Some studies suggest special cell subsets could predict for relapse, such as T-cell in ALL, AML and NHL [31], CD34 cell in MDS and AML [32]. In our previous study [23], data show the declining donor chimerism in B-cell could not predict for hematologic relapse in patients with non-B-ALL. In this study, although the frequency of declining donor chimerism of T-cell was more than that of NK-cell at the point of hematologic relapse, the median drop of donor chimerism in PBT and BMT were 0% and 0% one or two weeks prior to hematologic relapse. The declining donor chimerism in T-cell could not be used to predict the hematologic relapse in patients with non-B-ALL.

The median drop of donor chimerism in PBNK and BMNK were 5.9% and 2.8% one or two weeks prior to hematologic relapse. The donor chimerism in PBNK significantly decreased prior to hematologic relapse in the group with hematologic relapse as compared with the group without hematologic relapse (P = 0.022, Independent-samples T test). Donor chimerism decrease in PBNK was associated with a somewhat increased risk of hematologic disease recurrence.

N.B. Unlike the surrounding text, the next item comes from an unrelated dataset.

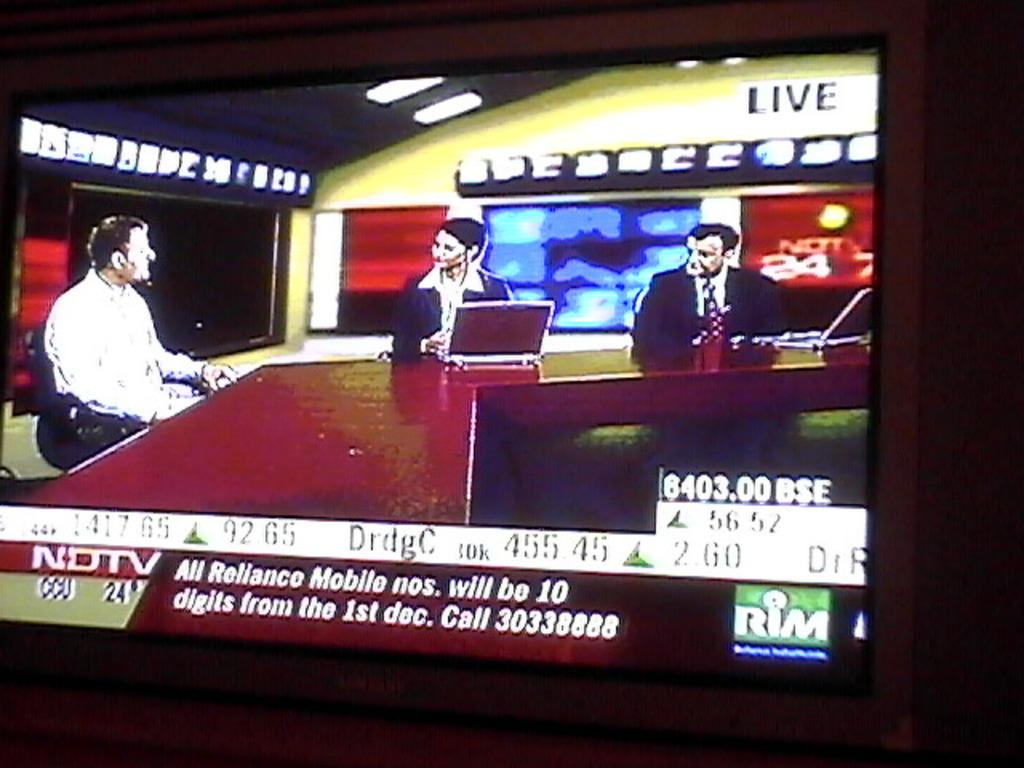<image>
Render a clear and concise summary of the photo. A live broadcast on NDTV about how All reliance mobile numbers will be 10 digits

In summary, decreasing donor chimerism of PBNK and BMB cells can be detected and predictive for hematologic relapse of patients with non-B-ALL and B-ALL by sequentially quantitative monitoring of their chimerism which sorted by FACS. Our results reveal a more effective path to individually predict for hematologic relapse by dynamic monitoring different cell lineages in different disease. Future studies are needed to address more samples to verify them.